Write every line below out again exactly, images omitted.

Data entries
───

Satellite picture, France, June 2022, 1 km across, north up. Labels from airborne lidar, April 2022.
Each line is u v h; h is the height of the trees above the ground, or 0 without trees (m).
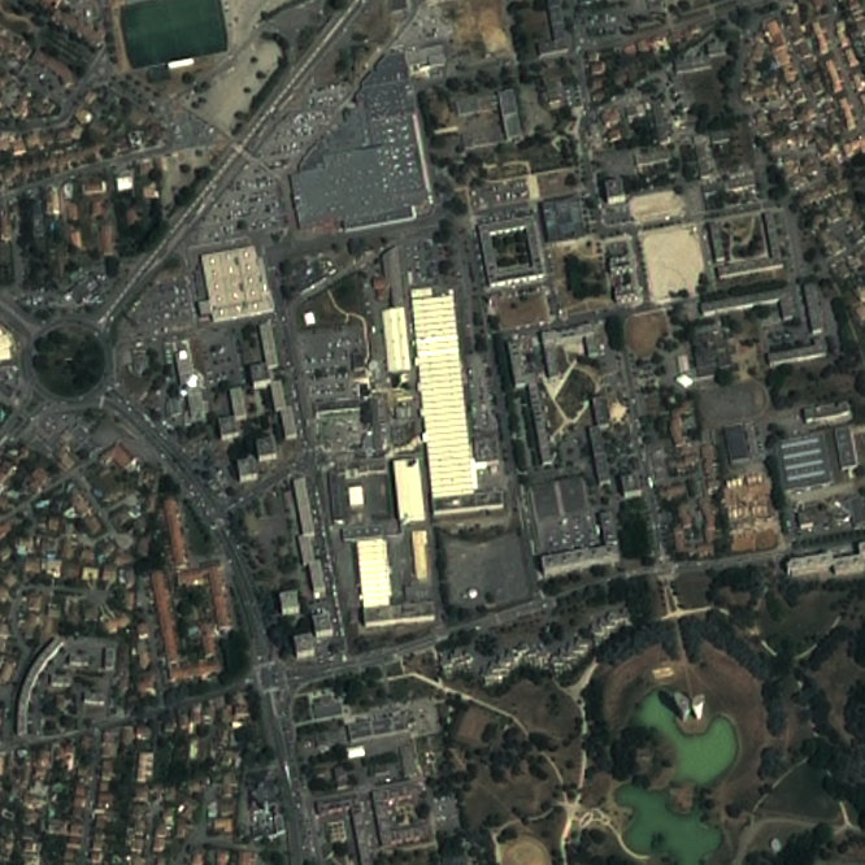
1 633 0
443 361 0
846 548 0
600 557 0
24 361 0
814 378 17
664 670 0
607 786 0
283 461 0
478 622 0
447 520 0
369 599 0
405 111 0
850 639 12
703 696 0
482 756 16
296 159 0
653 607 9
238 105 0
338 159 0
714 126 13
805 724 11
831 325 0
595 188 0
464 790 9
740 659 17
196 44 0
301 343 0
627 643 16
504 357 11
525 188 0
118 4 0
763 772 11
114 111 11
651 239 0
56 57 13
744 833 0
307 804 0
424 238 0
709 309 0
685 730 0
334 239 0
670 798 0
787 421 0
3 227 0
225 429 0
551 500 0
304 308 0
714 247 0
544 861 0
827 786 15
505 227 0
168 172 0
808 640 8
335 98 0
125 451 0
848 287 7
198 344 0
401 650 0
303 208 0
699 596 0
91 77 0
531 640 0
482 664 0
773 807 0
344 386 0
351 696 18
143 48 0
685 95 0
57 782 8
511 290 0
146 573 12
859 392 14
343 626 0
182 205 18
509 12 12
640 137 10
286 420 0
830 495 0
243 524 17
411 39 0
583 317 0
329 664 0
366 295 0
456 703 10
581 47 0
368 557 0
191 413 0
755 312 12
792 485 0
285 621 11
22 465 12
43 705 10
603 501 9
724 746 0
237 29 0
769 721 8
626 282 8
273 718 0
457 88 18
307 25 0
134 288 0
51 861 6
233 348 0
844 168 6
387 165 0
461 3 0
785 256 9
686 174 9
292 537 0
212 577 0
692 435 11
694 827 0
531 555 0
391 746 0
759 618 7
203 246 0
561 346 0
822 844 20
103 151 10
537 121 0
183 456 0
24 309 8
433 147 10
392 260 0
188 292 0
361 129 0
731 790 0
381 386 0
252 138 0
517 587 0
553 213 0
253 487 0
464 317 0
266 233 0
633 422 0
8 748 0
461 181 13
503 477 0
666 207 0
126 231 6
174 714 6
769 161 7
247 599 0
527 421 10
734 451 0
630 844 0
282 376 9
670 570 0
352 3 0
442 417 0
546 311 0
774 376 15
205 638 0
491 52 0
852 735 13
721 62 0
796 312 0
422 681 0
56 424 0
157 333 0
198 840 0
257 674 0
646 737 14
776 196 16
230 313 0
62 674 6
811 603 0
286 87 0
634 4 0
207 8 0
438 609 0
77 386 10
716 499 13
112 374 0
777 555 0
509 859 0
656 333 0
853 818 0
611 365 0
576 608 6
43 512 14
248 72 0
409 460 0
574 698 0
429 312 0
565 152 9
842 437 0
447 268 15
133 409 0
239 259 0
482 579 0
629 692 0
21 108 0
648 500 0
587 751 11
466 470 0
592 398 15
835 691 0
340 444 0
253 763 11
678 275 0
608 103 6
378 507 0
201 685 14
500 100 0
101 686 0
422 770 0
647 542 11
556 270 0
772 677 9
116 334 0
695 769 0
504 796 0
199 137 0
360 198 0
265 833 0
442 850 13
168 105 0
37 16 12
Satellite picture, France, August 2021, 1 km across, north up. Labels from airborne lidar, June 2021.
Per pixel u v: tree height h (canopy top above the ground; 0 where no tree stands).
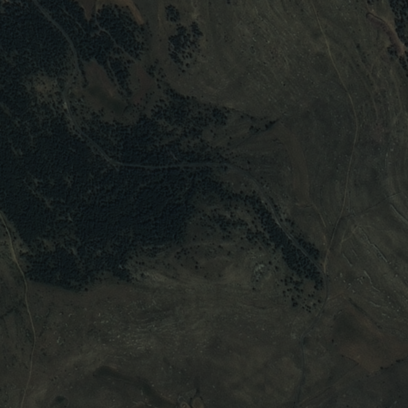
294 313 0
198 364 0
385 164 0
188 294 0
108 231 9
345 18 0
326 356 0
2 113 10
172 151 10
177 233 8
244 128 0
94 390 0
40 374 0
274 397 0
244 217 0
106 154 9
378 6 0
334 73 0
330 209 0
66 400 0
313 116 0
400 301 0
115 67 11
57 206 5
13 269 0
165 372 0
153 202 11
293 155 0
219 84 0
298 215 0
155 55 0
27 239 9
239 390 0
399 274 0
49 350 0
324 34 0
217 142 0
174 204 8
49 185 7
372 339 0
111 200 7
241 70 0
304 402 0
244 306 0
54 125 8
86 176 7
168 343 0
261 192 0
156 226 11
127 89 6
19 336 0
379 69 0
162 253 0
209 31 0
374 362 0
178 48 8
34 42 7
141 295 0
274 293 0
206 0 0
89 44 10
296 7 0
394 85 0
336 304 0
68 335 0
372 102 0
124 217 12
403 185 0
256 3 0
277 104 0
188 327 0
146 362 0
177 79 0
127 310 0
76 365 0
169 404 0
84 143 9
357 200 0
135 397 0
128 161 8
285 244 10
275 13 0
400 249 0
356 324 0
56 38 8
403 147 0
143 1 0
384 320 0
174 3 0
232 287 0
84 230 9
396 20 9
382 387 0
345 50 0
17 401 0
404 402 0
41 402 0
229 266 0
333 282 0
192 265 0
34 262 8
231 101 0
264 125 0
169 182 10
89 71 0
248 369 0
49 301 0
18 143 7
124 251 7
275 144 0
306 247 7
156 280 0
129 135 10
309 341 0
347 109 0
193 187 8
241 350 0
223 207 0
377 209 0
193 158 8
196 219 0
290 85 0
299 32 0
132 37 8
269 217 9
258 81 0
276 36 0
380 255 0
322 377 0
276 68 0
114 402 0
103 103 0
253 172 0
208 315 0
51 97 6
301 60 0
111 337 0
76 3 12
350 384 0
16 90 8
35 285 0
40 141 9
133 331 0
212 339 0
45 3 9
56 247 7
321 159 0
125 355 0
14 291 0
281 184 0
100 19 11
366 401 0
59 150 11
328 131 0
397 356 0
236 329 0
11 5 9
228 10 0
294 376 0
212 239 0
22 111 8
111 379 0
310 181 0
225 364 0
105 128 9
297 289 8
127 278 6
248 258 0
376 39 0
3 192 8
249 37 0
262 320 0
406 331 0
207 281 0
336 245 0
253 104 0
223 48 0
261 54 0
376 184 0
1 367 0
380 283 0
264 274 0
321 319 0
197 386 0
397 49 6
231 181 0
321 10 0
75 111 7
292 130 0
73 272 9
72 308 0
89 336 0
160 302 0
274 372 0
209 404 0
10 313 0
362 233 0
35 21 9
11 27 6
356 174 0
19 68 6
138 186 11
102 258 7
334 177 0
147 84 0
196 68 0
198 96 0
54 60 8
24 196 9
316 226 0
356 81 0
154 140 9
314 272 7
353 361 0
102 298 0
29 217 8
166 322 0
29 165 11
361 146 0
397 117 0
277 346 0
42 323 0
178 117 6
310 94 0
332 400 0
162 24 0
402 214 0
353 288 0
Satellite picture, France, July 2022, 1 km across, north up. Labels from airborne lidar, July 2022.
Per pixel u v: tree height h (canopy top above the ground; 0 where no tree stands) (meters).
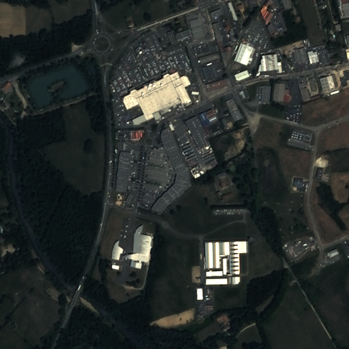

───

ANSWER TO THIS TASK
Satellite picture, France, June 2022, 1 km across, north up. Labels from airborne lidar, April 2022.
Each line is u v h; h is the height of the trees above the ground, or 0 without trees (m).
1 633 0
443 361 0
846 548 0
600 557 0
24 361 0
814 378 17
664 670 0
607 786 0
283 461 0
478 622 0
447 520 0
369 599 0
405 111 0
850 639 12
703 696 0
482 756 16
296 159 0
653 607 9
238 105 0
338 159 0
714 126 13
805 724 11
831 325 0
595 188 0
464 790 9
740 659 17
196 44 0
301 343 0
627 643 16
504 357 11
525 188 0
118 4 0
763 772 11
114 111 11
651 239 0
56 57 13
744 833 0
307 804 0
424 238 0
709 309 0
685 730 0
334 239 0
670 798 0
787 421 0
3 227 0
225 429 0
551 500 0
304 308 0
714 247 0
544 861 0
827 786 15
505 227 0
168 172 0
808 640 8
335 98 0
125 451 0
848 287 7
198 344 0
401 650 0
303 208 0
699 596 0
91 77 0
531 640 0
482 664 0
773 807 0
344 386 0
351 696 18
143 48 0
685 95 0
57 782 8
511 290 0
146 573 12
859 392 14
343 626 0
182 205 18
509 12 12
640 137 10
286 420 0
830 495 0
243 524 17
411 39 0
583 317 0
329 664 0
366 295 0
456 703 10
581 47 0
368 557 0
191 413 0
755 312 12
792 485 0
285 621 11
22 465 12
43 705 10
603 501 9
724 746 0
237 29 0
769 721 8
626 282 8
273 718 0
457 88 18
307 25 0
134 288 0
51 861 6
233 348 0
844 168 6
387 165 0
461 3 0
785 256 9
686 174 9
292 537 0
212 577 0
692 435 11
694 827 0
531 555 0
391 746 0
759 618 7
203 246 0
561 346 0
822 844 20
103 151 10
537 121 0
183 456 0
24 309 8
433 147 10
392 260 0
188 292 0
361 129 0
731 790 0
381 386 0
252 138 0
517 587 0
553 213 0
253 487 0
464 317 0
266 233 0
633 422 0
8 748 0
461 181 13
503 477 0
666 207 0
126 231 6
174 714 6
769 161 7
247 599 0
527 421 10
734 451 0
630 844 0
282 376 9
670 570 0
352 3 0
442 417 0
546 311 0
774 376 15
205 638 0
491 52 0
852 735 13
721 62 0
796 312 0
422 681 0
56 424 0
157 333 0
198 840 0
257 674 0
646 737 14
776 196 16
230 313 0
62 674 6
811 603 0
286 87 0
634 4 0
207 8 0
438 609 0
77 386 10
716 499 13
112 374 0
777 555 0
509 859 0
656 333 0
853 818 0
611 365 0
576 608 6
43 512 14
248 72 0
409 460 0
574 698 0
429 312 0
565 152 9
842 437 0
447 268 15
133 409 0
239 259 0
482 579 0
629 692 0
21 108 0
648 500 0
587 751 11
466 470 0
592 398 15
835 691 0
340 444 0
253 763 11
678 275 0
608 103 6
378 507 0
201 685 14
500 100 0
101 686 0
422 770 0
647 542 11
556 270 0
772 677 9
116 334 0
695 769 0
504 796 0
199 137 0
360 198 0
265 833 0
442 850 13
168 105 0
37 16 12
Satellite picture, France, August 2021, 1 km across, north up. Labels from airborne lidar, June 2021.
Per pixel u v: tree height h (canopy top above the ground; 0 where no tree stands).
294 313 0
198 364 0
385 164 0
188 294 0
108 231 9
345 18 0
326 356 0
2 113 10
172 151 10
177 233 8
244 128 0
94 390 0
40 374 0
274 397 0
244 217 0
106 154 9
378 6 0
334 73 0
330 209 0
66 400 0
313 116 0
400 301 0
115 67 11
57 206 5
13 269 0
165 372 0
153 202 11
293 155 0
219 84 0
298 215 0
155 55 0
27 239 9
239 390 0
399 274 0
49 350 0
324 34 0
217 142 0
174 204 8
49 185 7
372 339 0
111 200 7
241 70 0
304 402 0
244 306 0
54 125 8
86 176 7
168 343 0
261 192 0
156 226 11
127 89 6
19 336 0
379 69 0
162 253 0
209 31 0
374 362 0
178 48 8
34 42 7
141 295 0
274 293 0
206 0 0
89 44 10
296 7 0
394 85 0
336 304 0
68 335 0
372 102 0
124 217 12
403 185 0
256 3 0
277 104 0
188 327 0
146 362 0
177 79 0
127 310 0
76 365 0
169 404 0
84 143 9
357 200 0
135 397 0
128 161 8
285 244 10
275 13 0
400 249 0
356 324 0
56 38 8
403 147 0
143 1 0
384 320 0
174 3 0
232 287 0
84 230 9
396 20 9
382 387 0
345 50 0
17 401 0
404 402 0
41 402 0
229 266 0
333 282 0
192 265 0
34 262 8
231 101 0
264 125 0
169 182 10
89 71 0
248 369 0
49 301 0
18 143 7
124 251 7
275 144 0
306 247 7
156 280 0
129 135 10
309 341 0
347 109 0
193 187 8
241 350 0
223 207 0
377 209 0
193 158 8
196 219 0
290 85 0
299 32 0
132 37 8
269 217 9
258 81 0
276 36 0
380 255 0
322 377 0
276 68 0
114 402 0
103 103 0
253 172 0
208 315 0
51 97 6
301 60 0
111 337 0
76 3 12
350 384 0
16 90 8
35 285 0
40 141 9
133 331 0
212 339 0
45 3 9
56 247 7
321 159 0
125 355 0
14 291 0
281 184 0
100 19 11
366 401 0
59 150 11
328 131 0
397 356 0
236 329 0
11 5 9
228 10 0
294 376 0
212 239 0
22 111 8
111 379 0
310 181 0
225 364 0
105 128 9
297 289 8
127 278 6
248 258 0
376 39 0
3 192 8
249 37 0
262 320 0
406 331 0
207 281 0
336 245 0
253 104 0
223 48 0
261 54 0
376 184 0
1 367 0
380 283 0
264 274 0
321 319 0
197 386 0
397 49 6
231 181 0
321 10 0
75 111 7
292 130 0
73 272 9
72 308 0
89 336 0
160 302 0
274 372 0
209 404 0
10 313 0
362 233 0
35 21 9
11 27 6
356 174 0
19 68 6
138 186 11
102 258 7
334 177 0
147 84 0
196 68 0
198 96 0
54 60 8
24 196 9
316 226 0
356 81 0
154 140 9
314 272 7
353 361 0
102 298 0
29 217 8
166 322 0
29 165 11
361 146 0
397 117 0
277 346 0
42 323 0
178 117 6
310 94 0
332 400 0
162 24 0
402 214 0
353 288 0
Satellite picture, France, July 2022, 1 km across, north up. Labels from airborne lidar, July 2022.
Per pixel u v: tree height h (canopy top above the ground; 0 where no tree stands) (meters).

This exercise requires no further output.